Role of the nitric-oxide synthase isoforms during morphine-induced hyperthermia in rats

Recently, we demonstrated that the diffusible messenger molecule nitric oxide ( NO) is involved in the hyperthermic response induced by morphine by using a nonselective nitric-oxide synthase inhibitor, N-nitro-L-arginine methyl ester. The present work extended these studies to include 7-nitroindazole(7-NI), an inhibitor specific for neuronal nitric-oxide synthase ( nNOS), N(5)-(-iminoethyl)-L-ornithine (L-NIO), an inhibitor of endothelial NOS ( eNOS), and aminoguanidine (AG), a potent inhibitor of inducible NOS ( iNOS). A biotelemetry system was used in this study to measure the body temperature (Tb).
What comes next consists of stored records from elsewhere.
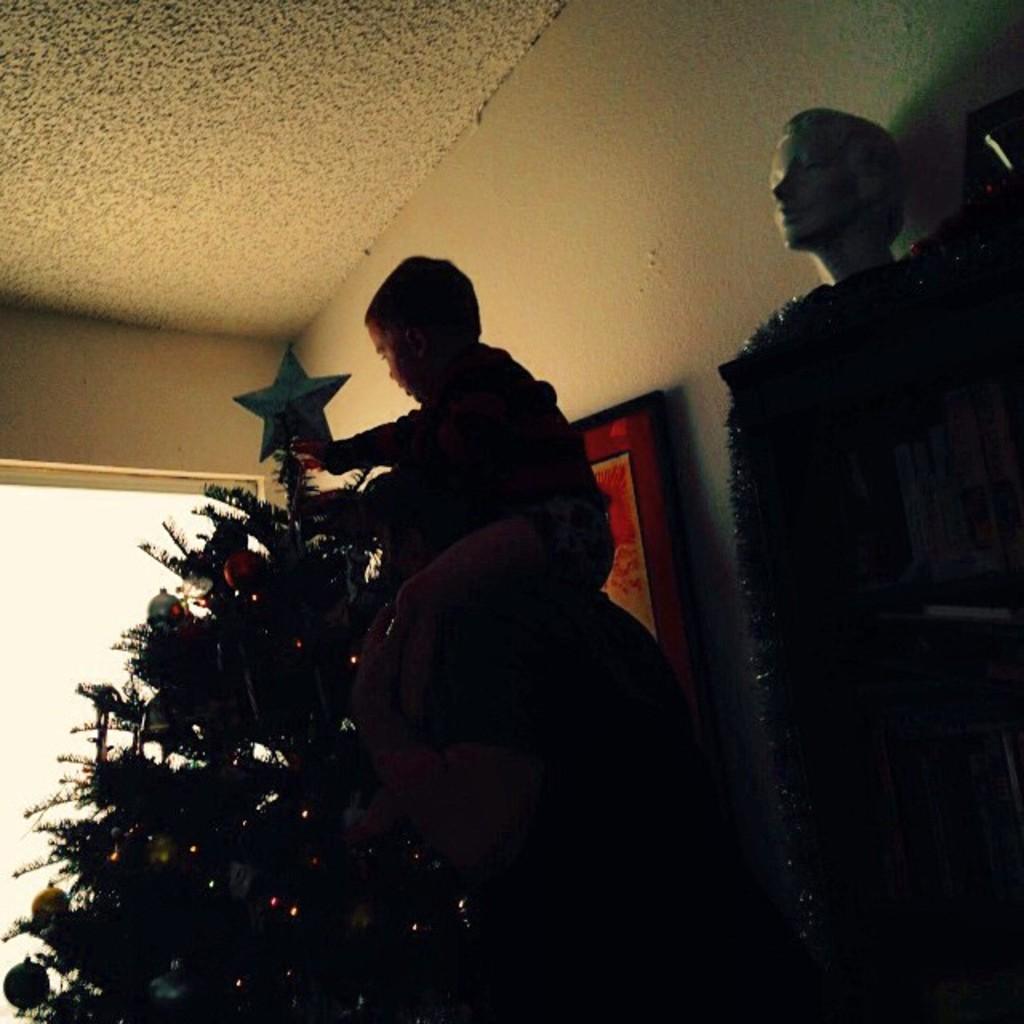Describe this image in one or two sentences. In this image there is a man in the middle who is lifting the kid by keeping him on his shoulders. In front of them there is a Christmas tree on which there is a star and some decorative items. On the right side there is a mannequin. In the background there is the wall on which there is the photo frame. 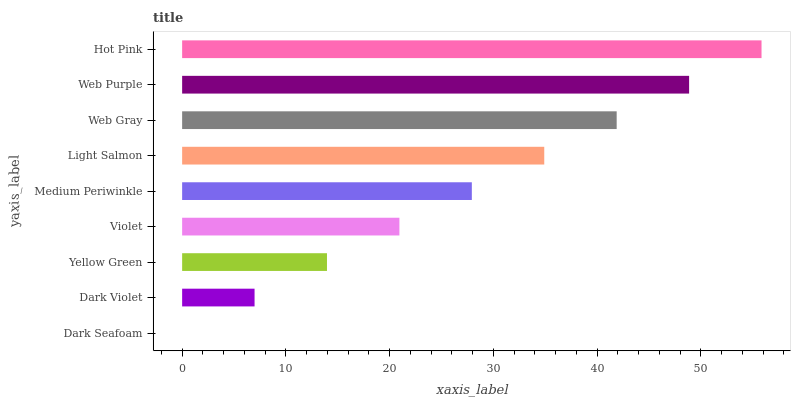Is Dark Seafoam the minimum?
Answer yes or no. Yes. Is Hot Pink the maximum?
Answer yes or no. Yes. Is Dark Violet the minimum?
Answer yes or no. No. Is Dark Violet the maximum?
Answer yes or no. No. Is Dark Violet greater than Dark Seafoam?
Answer yes or no. Yes. Is Dark Seafoam less than Dark Violet?
Answer yes or no. Yes. Is Dark Seafoam greater than Dark Violet?
Answer yes or no. No. Is Dark Violet less than Dark Seafoam?
Answer yes or no. No. Is Medium Periwinkle the high median?
Answer yes or no. Yes. Is Medium Periwinkle the low median?
Answer yes or no. Yes. Is Light Salmon the high median?
Answer yes or no. No. Is Web Gray the low median?
Answer yes or no. No.

A dose of 7-NI ( 5 or 10 mg/kg), which did not affect Tb by itself, blocked the hyperthermia induced by morphine in a dose-dependent manner ( 15 mg/kg i.p.). However, pretreatment with L-NIO (10-20 mg/kg) or with AG ( 50 mg/kg) failed to alter the hyperthermia induced by morphine. L-NIO ( 10-20 mg/kg) or AG ( 50 mg/kg) had no effect on Tb. These results suggest the involvement of nNOS in morphine-induced hyperthermia.